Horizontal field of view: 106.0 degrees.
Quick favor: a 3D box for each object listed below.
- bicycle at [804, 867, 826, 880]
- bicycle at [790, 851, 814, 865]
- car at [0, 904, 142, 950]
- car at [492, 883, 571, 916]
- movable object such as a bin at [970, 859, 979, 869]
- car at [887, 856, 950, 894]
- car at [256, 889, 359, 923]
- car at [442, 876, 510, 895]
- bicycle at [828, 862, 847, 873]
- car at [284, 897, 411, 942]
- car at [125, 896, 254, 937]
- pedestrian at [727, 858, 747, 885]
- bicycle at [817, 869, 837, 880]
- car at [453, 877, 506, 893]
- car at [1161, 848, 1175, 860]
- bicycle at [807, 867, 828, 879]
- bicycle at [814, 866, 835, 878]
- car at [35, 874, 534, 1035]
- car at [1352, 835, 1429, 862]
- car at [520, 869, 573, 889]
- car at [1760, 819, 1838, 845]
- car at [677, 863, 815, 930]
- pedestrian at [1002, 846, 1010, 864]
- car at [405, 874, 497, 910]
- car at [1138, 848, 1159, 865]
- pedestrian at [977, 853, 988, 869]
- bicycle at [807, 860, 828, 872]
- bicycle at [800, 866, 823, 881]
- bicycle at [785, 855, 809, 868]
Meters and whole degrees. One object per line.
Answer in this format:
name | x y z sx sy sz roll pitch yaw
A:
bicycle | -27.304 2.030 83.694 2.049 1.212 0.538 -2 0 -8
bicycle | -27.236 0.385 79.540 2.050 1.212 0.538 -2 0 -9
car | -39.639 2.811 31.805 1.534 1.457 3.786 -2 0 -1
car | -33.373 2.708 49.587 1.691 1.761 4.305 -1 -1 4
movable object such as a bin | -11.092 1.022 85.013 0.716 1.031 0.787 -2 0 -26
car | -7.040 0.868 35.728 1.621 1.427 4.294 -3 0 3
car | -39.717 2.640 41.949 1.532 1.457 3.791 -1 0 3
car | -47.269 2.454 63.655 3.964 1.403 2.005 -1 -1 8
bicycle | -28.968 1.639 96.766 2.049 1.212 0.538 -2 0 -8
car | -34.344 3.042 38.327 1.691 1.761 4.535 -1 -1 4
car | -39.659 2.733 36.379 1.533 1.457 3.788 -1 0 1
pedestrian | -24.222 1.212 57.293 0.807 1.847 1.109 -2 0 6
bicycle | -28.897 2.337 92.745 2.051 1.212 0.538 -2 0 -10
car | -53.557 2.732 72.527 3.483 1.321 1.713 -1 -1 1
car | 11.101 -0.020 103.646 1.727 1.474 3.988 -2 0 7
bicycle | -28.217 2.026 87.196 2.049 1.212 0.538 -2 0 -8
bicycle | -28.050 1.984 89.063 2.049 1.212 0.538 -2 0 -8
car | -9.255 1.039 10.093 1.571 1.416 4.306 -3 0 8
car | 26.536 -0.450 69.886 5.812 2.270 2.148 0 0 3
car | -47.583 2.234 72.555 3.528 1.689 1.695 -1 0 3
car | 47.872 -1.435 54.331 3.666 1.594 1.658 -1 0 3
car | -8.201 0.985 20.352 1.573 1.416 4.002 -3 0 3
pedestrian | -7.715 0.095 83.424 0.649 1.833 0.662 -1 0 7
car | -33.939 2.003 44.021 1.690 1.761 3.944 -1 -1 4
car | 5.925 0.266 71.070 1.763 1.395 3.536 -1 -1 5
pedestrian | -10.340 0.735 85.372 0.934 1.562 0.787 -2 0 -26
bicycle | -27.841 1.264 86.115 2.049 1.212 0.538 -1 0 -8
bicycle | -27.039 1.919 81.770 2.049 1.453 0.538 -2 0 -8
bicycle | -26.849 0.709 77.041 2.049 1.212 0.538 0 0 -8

**Directions:** From the entries above, collect every line with the string "degrees" in it.

**Result of the exercise:**
Horizontal field of view: 106.0 degrees.
Meters and whole degrees. One object per line.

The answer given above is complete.